"""
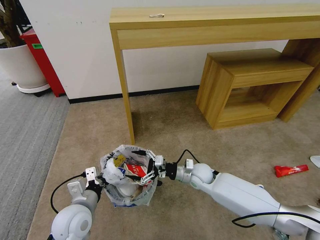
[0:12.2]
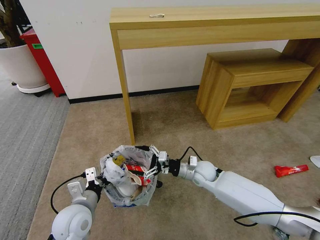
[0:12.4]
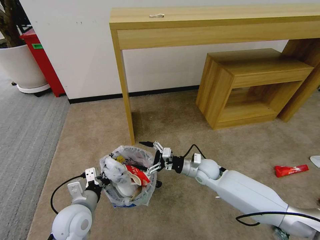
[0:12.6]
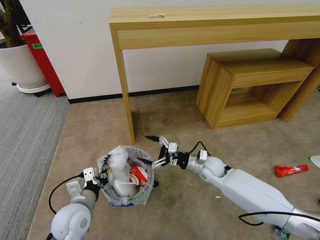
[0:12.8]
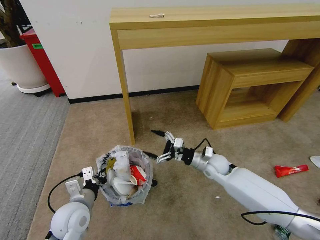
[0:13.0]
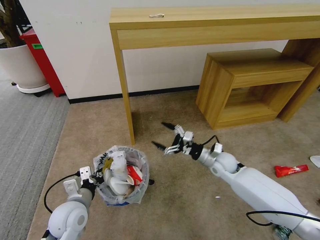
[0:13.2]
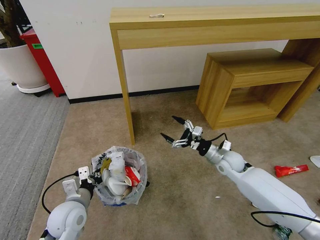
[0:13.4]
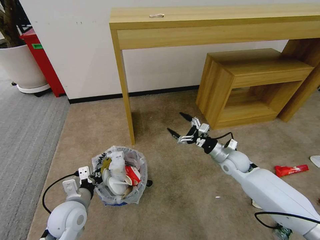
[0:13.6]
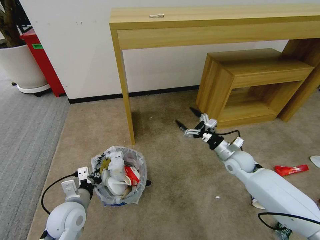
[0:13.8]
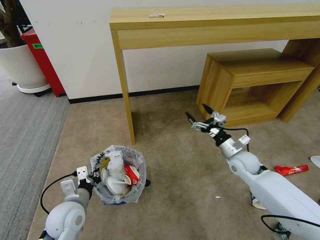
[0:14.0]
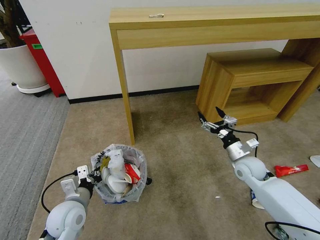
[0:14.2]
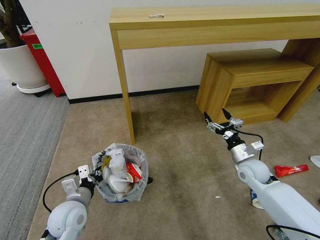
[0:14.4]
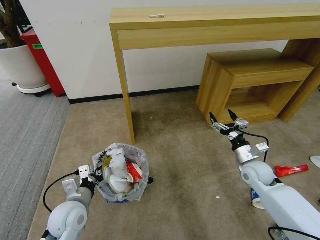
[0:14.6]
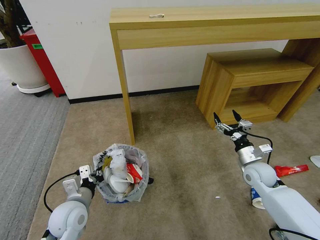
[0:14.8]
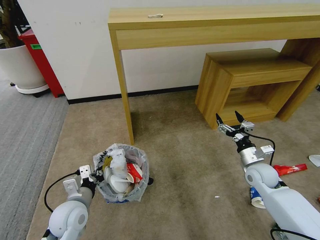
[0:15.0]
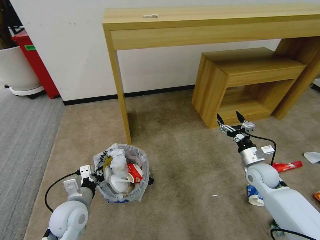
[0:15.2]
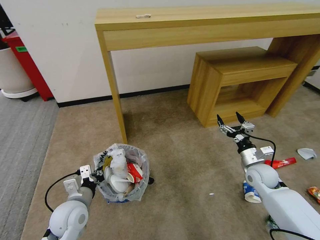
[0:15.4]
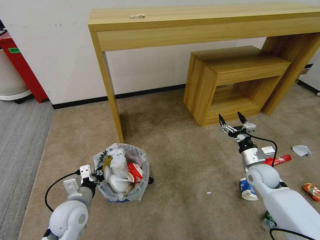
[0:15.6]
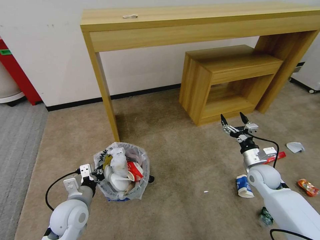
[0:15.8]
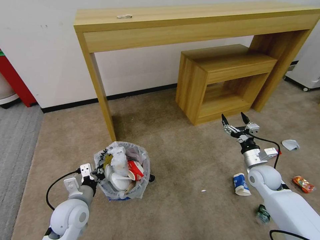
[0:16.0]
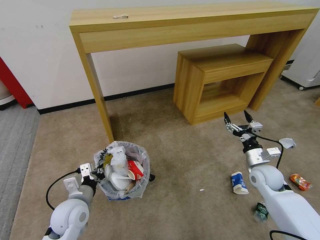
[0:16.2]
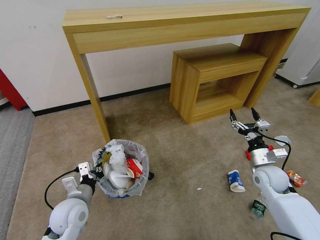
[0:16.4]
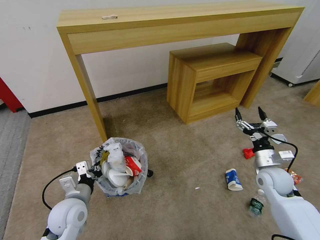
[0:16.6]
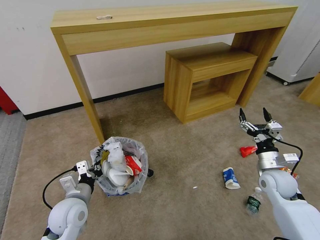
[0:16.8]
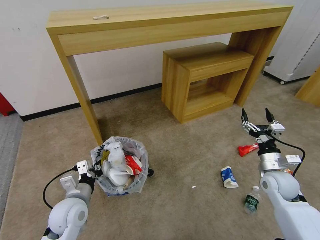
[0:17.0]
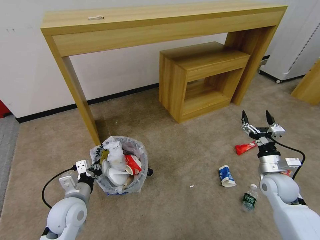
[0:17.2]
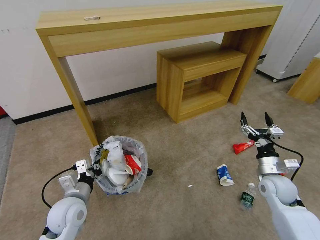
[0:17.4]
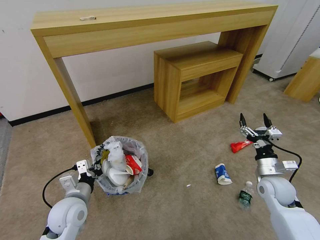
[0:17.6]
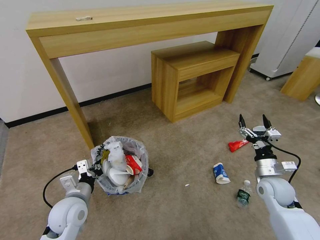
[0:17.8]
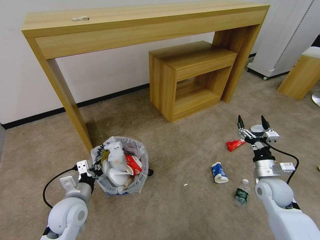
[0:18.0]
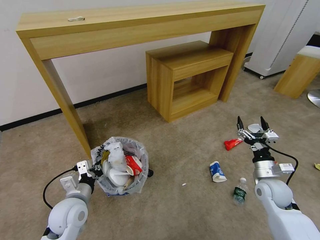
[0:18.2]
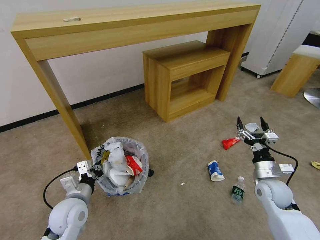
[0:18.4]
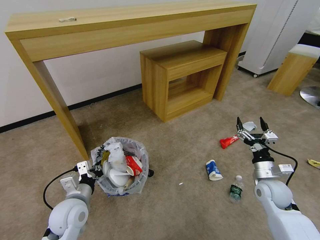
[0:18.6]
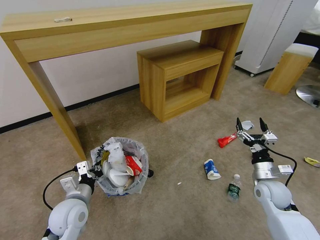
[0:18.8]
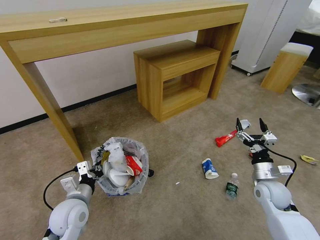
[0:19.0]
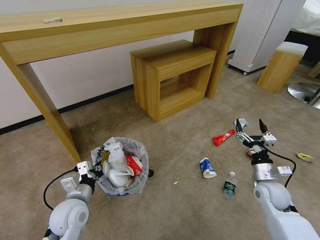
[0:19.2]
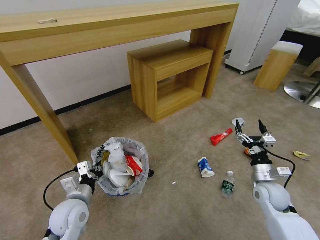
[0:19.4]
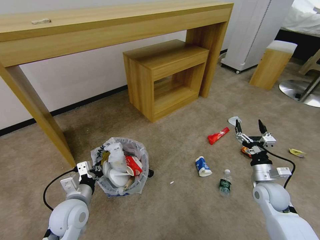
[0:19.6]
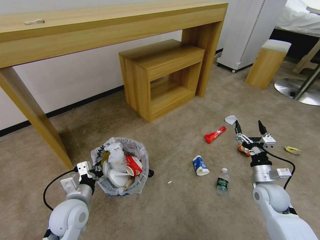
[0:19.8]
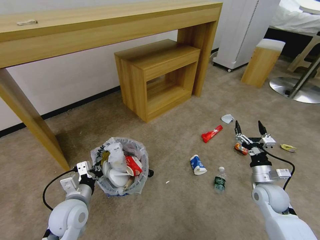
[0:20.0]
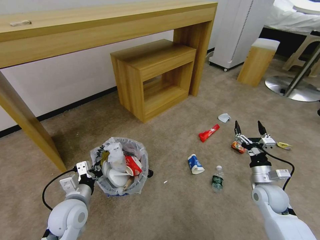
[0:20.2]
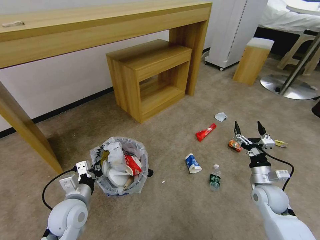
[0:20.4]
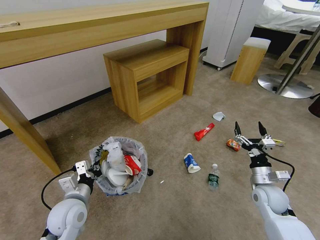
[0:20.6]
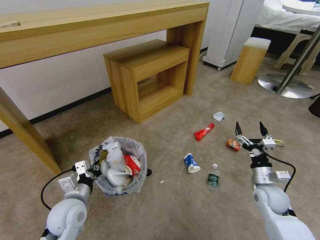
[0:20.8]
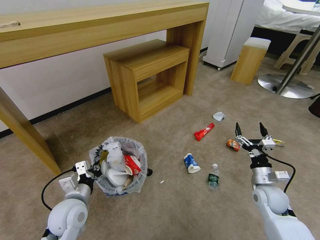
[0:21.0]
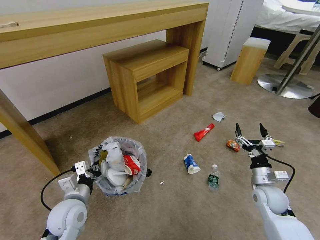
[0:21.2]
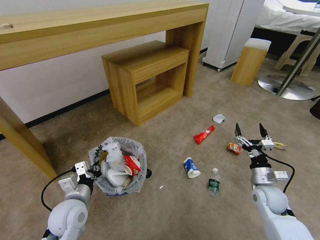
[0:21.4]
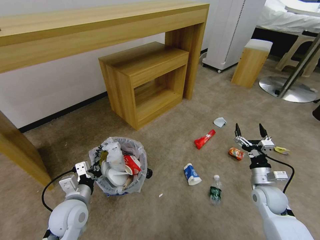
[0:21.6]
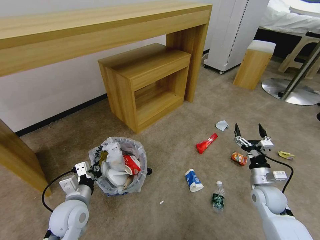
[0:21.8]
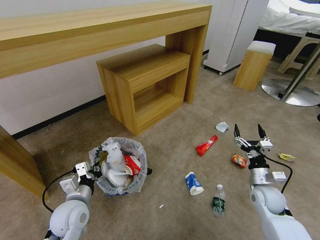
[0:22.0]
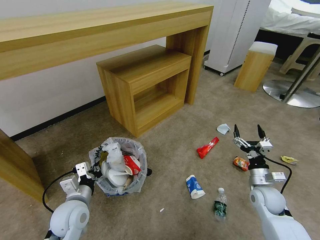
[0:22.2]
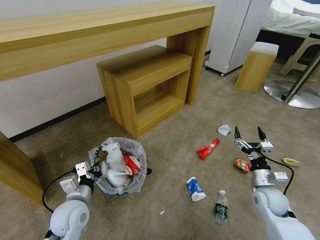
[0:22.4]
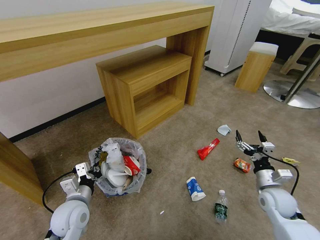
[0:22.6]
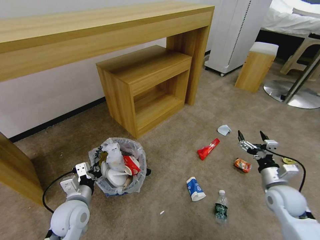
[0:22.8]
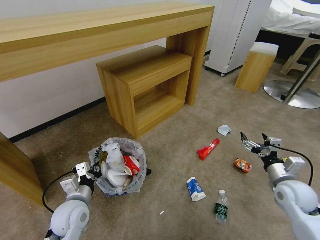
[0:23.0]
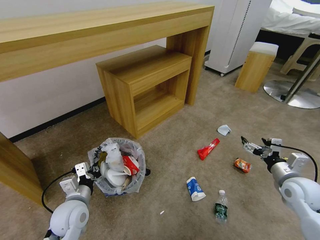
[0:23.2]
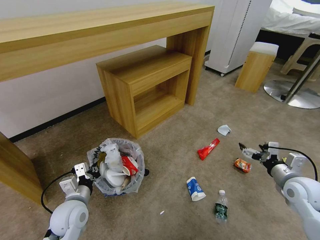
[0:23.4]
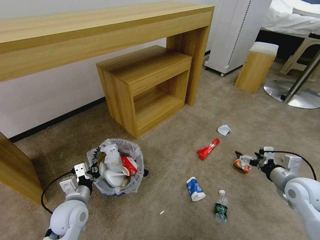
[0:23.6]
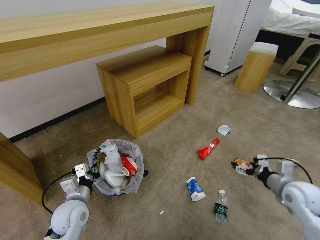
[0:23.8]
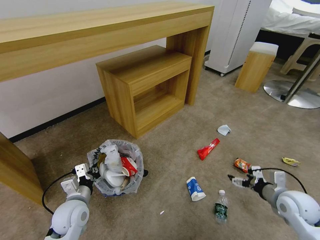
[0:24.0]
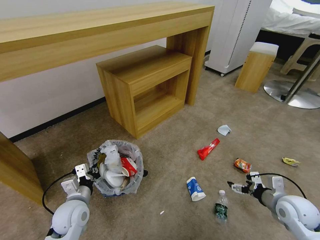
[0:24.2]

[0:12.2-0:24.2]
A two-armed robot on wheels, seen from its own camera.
Task of the whole recording: Pick up the trash bin and place the garbage on the floor into it.
0:12.2 to 0:13.8: The right gripper shifts approximately 15 cm to the right and upward.
0:13.8 to 0:15.2: The right gripper shifts about 5 cm to the right.
0:22.6 to 0:24.2: The right gripper goes upward and returns, some 10 cm each way.
"""
**Task directions**
The output must match the records word for word, except that no pictures appear.

**Solution to this problem**
[0:12.2]
[0:12.4]
[0:12.6]
[0:12.8]
[0:13.0]
[0:13.2]
[0:13.4]
[0:13.6]
[0:13.8]
[0:14.0]
[0:14.2]
[0:14.4]
[0:14.6]
[0:14.8]
[0:15.0]
[0:15.2]
[0:15.4]
[0:15.6]
[0:15.8]
[0:16.0]
[0:16.2]
[0:16.4]
[0:16.6]
[0:16.8]
[0:17.0]
[0:17.2]
[0:17.4]
[0:17.6]
[0:17.8]
[0:18.0]
[0:18.2]
[0:18.4]
[0:18.6]
[0:18.8]
[0:19.0]
[0:19.2]
[0:19.4]
[0:19.6]
[0:19.8]
[0:20.0]
[0:20.2]
[0:20.4]
[0:20.6]
[0:20.8]
[0:21.0]
[0:21.2]
[0:21.4]
[0:21.6]
[0:21.8]
[0:22.0]
[0:22.2]
[0:22.4]
[0:22.6]
[0:22.8]
[0:23.0]
[0:23.2]
[0:23.4]
[0:23.6]
[0:23.8]
[0:24.0]
[0:24.2]

[0:12.2-0:24.2]
A two-armed robot on wheels, seen from its own camera.
Task of the whole recording: Pick up the trash bin and place the garbage on the floor into it.
0:12.2 to 0:13.8: The right gripper shifts approximately 15 cm to the right and upward.
0:13.8 to 0:15.2: The right gripper shifts about 5 cm to the right.
0:22.6 to 0:24.2: The right gripper goes upward and returns, some 10 cm each way.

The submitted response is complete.